Can either of the two investigational vaccines cause a study participant to become infected with Ebola?
No. The Ebola genetic material contained in the experimental vaccines cannot cause someone to become infected with Ebola because it is only a small piece that by itself is not infectious.
The PREVAIL study is a Phase 2/3 randomized, double-blind, controlled, three-arm clinical trial. A randomized, double-blind, placebo-controlled trial is considered the “gold standard” in clinical research because it is the most rapid and reliable way of determining if an intervention is safe and effective.
Both the NIAID/GSK experimental vaccine and the VSV-ZEBOV vaccine candidate will be compared to placebo. The initial Phase 2 portion of the trial will involve administering the investigational vaccines in a single injection among 600 study participants in an effort to collect more detailed safety and immune response data about both vaccines. Participants in Phase 2 will undergo blood draws, adverse event assessments and monitoring for signs and symptoms of Ebola infection at one week and one month after vaccination, and then monthly thereafter. In the absence of major safety issues, enrolment will continue and the remaining volunteers will be randomly assigned in three, equal-sized groups to the Phase 3 portion of the clinical trial.
The Phase 3 portion of the trial is designed to evaluate the ability of each of the vaccines to protect against Ebola infection and provide an accurate assessment of the benefits and risks associated with each candidate vaccine. Participants in each of the three Phase 3 study arms will receive a single injection of one of the two test vaccines or placebo and will undergo monthly assessments for adverse events and signs and symptoms of Ebola infection. All participants in both the Phase 2 and 3 portions of the trial will be followed for 8 to 12 months.

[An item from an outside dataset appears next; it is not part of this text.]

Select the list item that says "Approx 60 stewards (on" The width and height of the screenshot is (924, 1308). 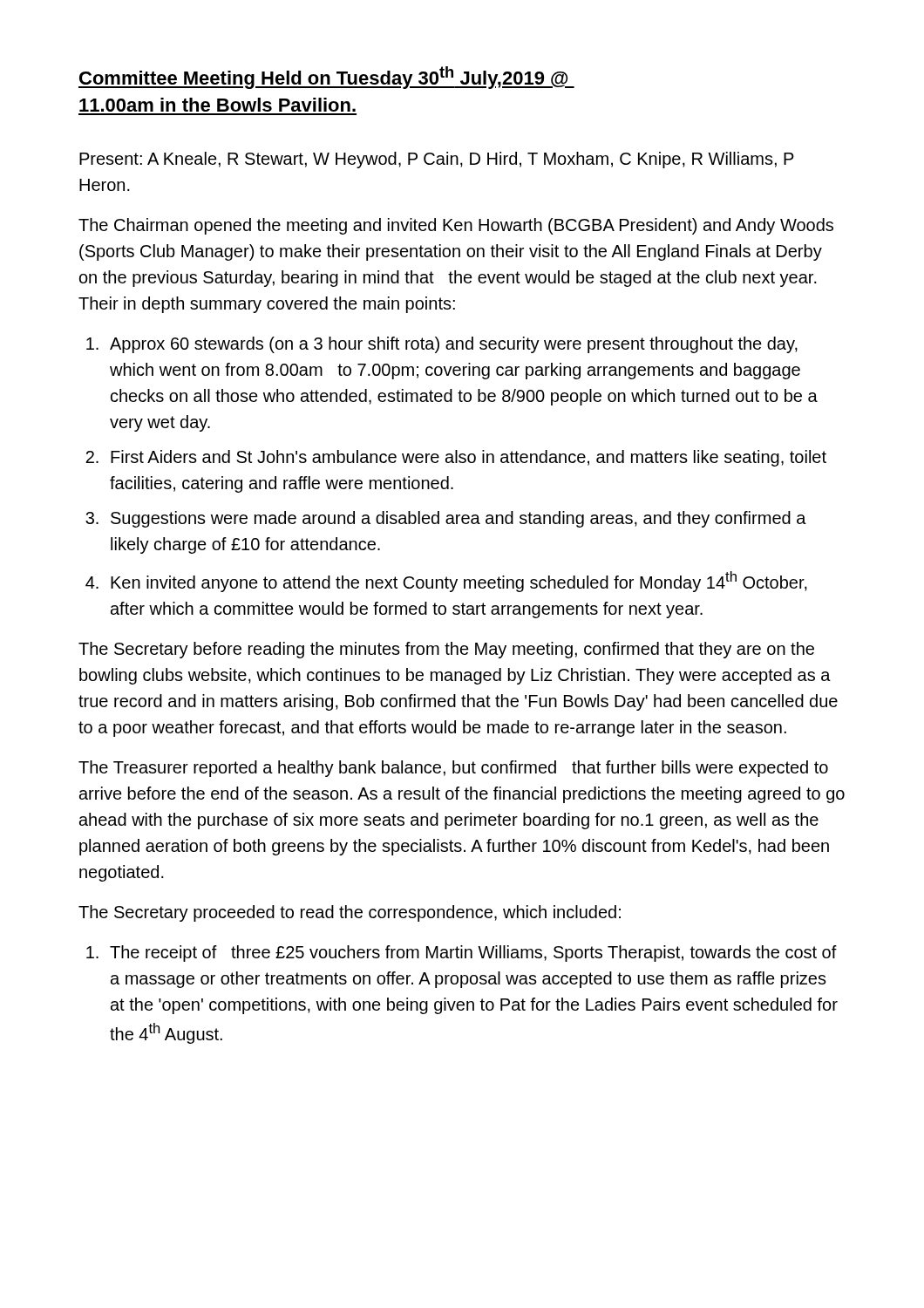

The well-being and safety of study participants is our top priority. The protocol to conduct the trial was reviewed and approved by Liberian health and regulatory officials, NIAID, and the U.S. Food and Drug Administration. These reviews ensured that the study would be scientifically, ethically, and clinically appropriate and that it would adhere to accepted standards for protecting human clinical research participants. Volunteers who meet the study’s eligibility criteria must provide oral and written informed consent to participate. Throughout the course of the trial, an independent data and safety monitoring board comprised of clinical research experts, statisticians, ethicists and community representatives will meet at regular intervals through the study to review data as it is gathered.
If a study participant becomes infected with Ebola during the course of the clinical trial, he or she will be directed to medical care for treatment.
Although it is a much-welcomed development that Ebola is on the decline in Liberia, the potential for continued flare-ups and future Ebola outbreaks is real. A safe and effective vaccine that protects against Ebola infection could contribute significantly to containing the current Ebola situation in West Africa and would be a critically important tool in preventing future Ebola outbreaks. The PREVAIL trial may need to be adapted in the future, however, to address a continued reduction in the number of new Ebola cases in Liberia.
The trial is currently anticipated to be completed in June 2016.